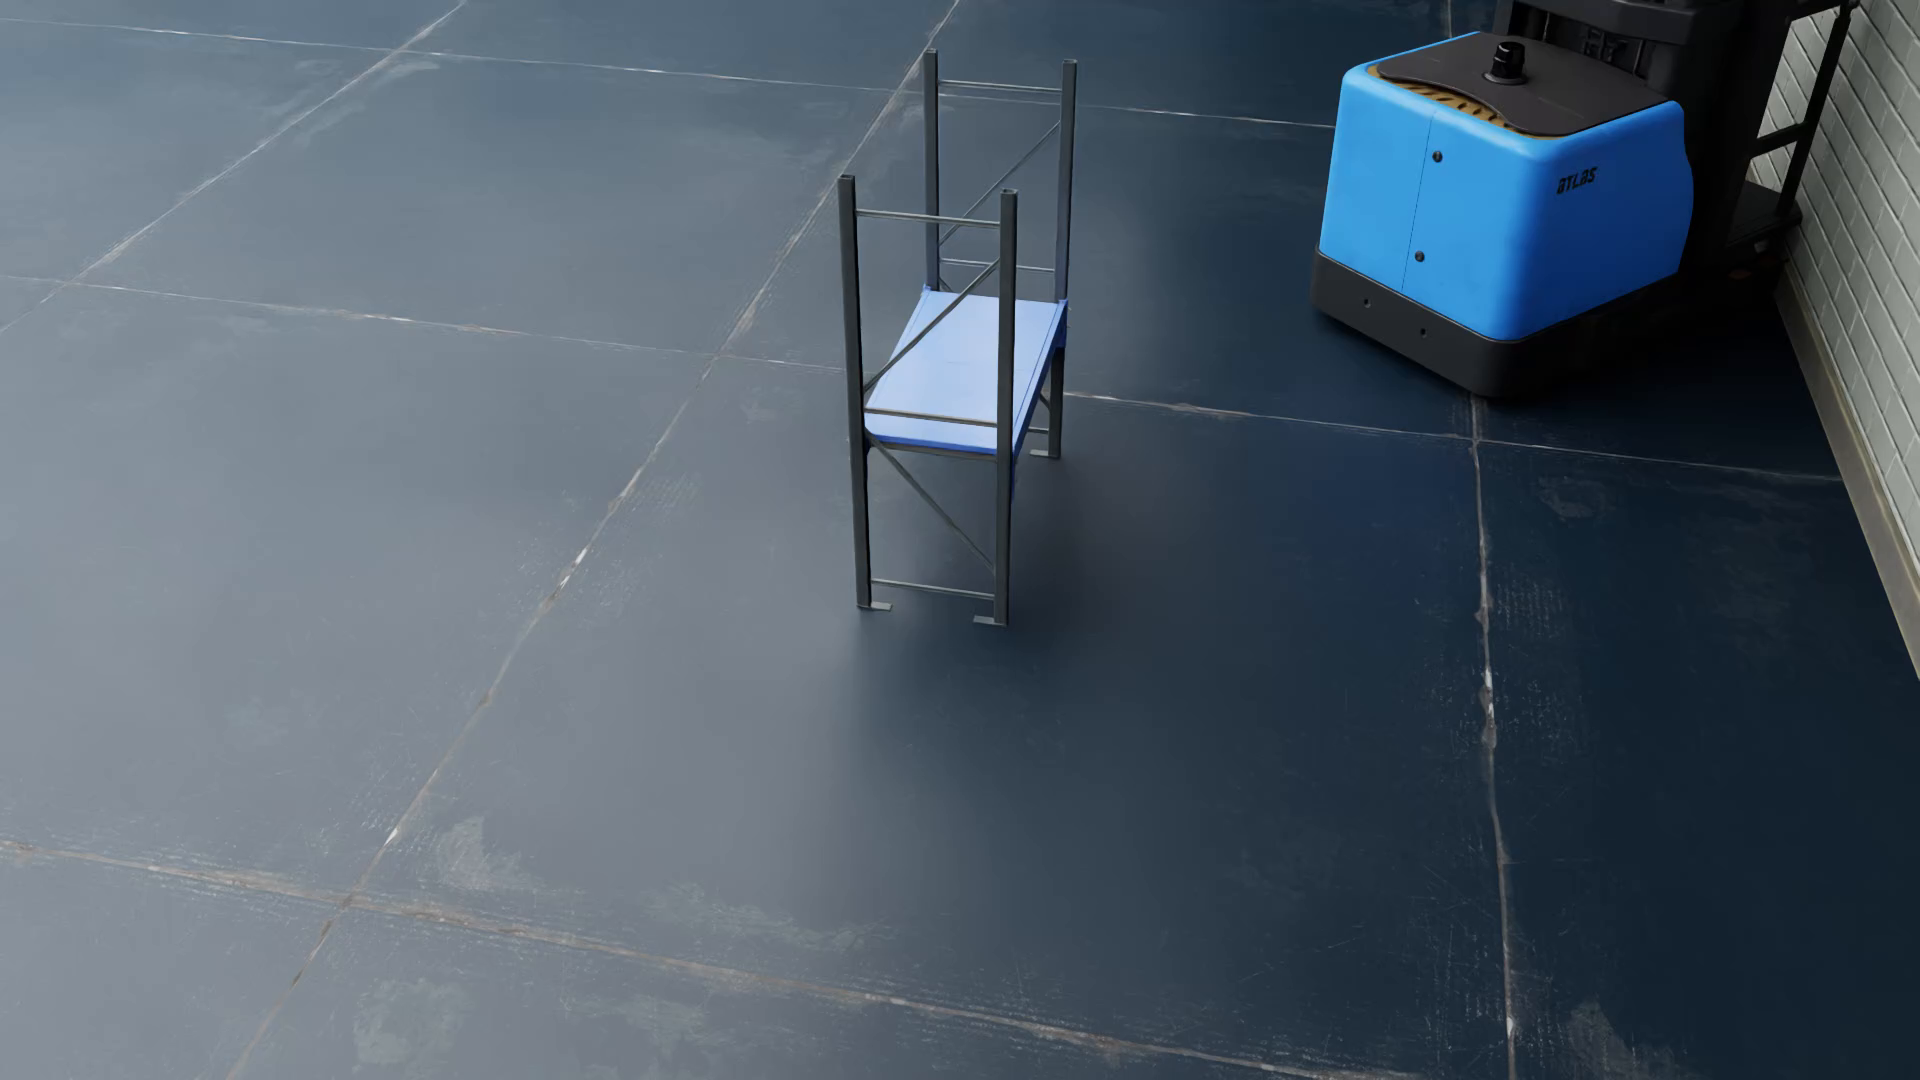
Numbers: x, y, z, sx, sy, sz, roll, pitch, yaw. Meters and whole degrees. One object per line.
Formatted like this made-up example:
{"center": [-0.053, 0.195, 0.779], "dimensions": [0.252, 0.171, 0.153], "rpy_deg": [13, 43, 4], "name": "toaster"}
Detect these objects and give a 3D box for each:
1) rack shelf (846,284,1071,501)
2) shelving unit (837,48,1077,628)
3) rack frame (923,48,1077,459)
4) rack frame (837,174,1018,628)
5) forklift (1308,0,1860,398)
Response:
{"center": [0.018, -0.511, 5.483], "dimensions": [0.538, 0.185, 1.000], "rpy_deg": [7, 37, 10], "name": "rack shelf"}
{"center": [0.018, -0.656, 5.377], "dimensions": [0.538, 1.500, 1.048], "rpy_deg": [7, 37, 10], "name": "shelving unit"}
{"center": [0.127, -0.948, 5.779], "dimensions": [0.500, 1.500, 0.032], "rpy_deg": [7, 37, 10], "name": "rack frame"}
{"center": [-0.090, -0.365, 4.975], "dimensions": [0.500, 1.500, 0.032], "rpy_deg": [7, 37, 10], "name": "rack frame"}
{"center": [2.970, -2.412, 6.580], "dimensions": [3.031, 2.935, 1.130], "rpy_deg": [-22, 42, -28], "name": "forklift"}

##########

WHAT TO WORK ON:
Make an exact printout of the listing above, omitting the images.

OUTPUT FOR THIS TASK:
Numbers: x, y, z, sx, sy, sz, roll, pitch, yaw. Meters and whole degrees. One object per line.
Formatted like this made-up example:
{"center": [-0.053, 0.195, 0.779], "dimensions": [0.252, 0.171, 0.153], "rpy_deg": [13, 43, 4], "name": "toaster"}
Detect these objects and give a 3D box for each:
1) rack shelf (846,284,1071,501)
2) shelving unit (837,48,1077,628)
3) rack frame (923,48,1077,459)
4) rack frame (837,174,1018,628)
5) forklift (1308,0,1860,398)
Response:
{"center": [0.018, -0.511, 5.483], "dimensions": [0.538, 0.185, 1.000], "rpy_deg": [7, 37, 10], "name": "rack shelf"}
{"center": [0.018, -0.656, 5.377], "dimensions": [0.538, 1.500, 1.048], "rpy_deg": [7, 37, 10], "name": "shelving unit"}
{"center": [0.127, -0.948, 5.779], "dimensions": [0.500, 1.500, 0.032], "rpy_deg": [7, 37, 10], "name": "rack frame"}
{"center": [-0.090, -0.365, 4.975], "dimensions": [0.500, 1.500, 0.032], "rpy_deg": [7, 37, 10], "name": "rack frame"}
{"center": [2.970, -2.412, 6.580], "dimensions": [3.031, 2.935, 1.130], "rpy_deg": [-22, 42, -28], "name": "forklift"}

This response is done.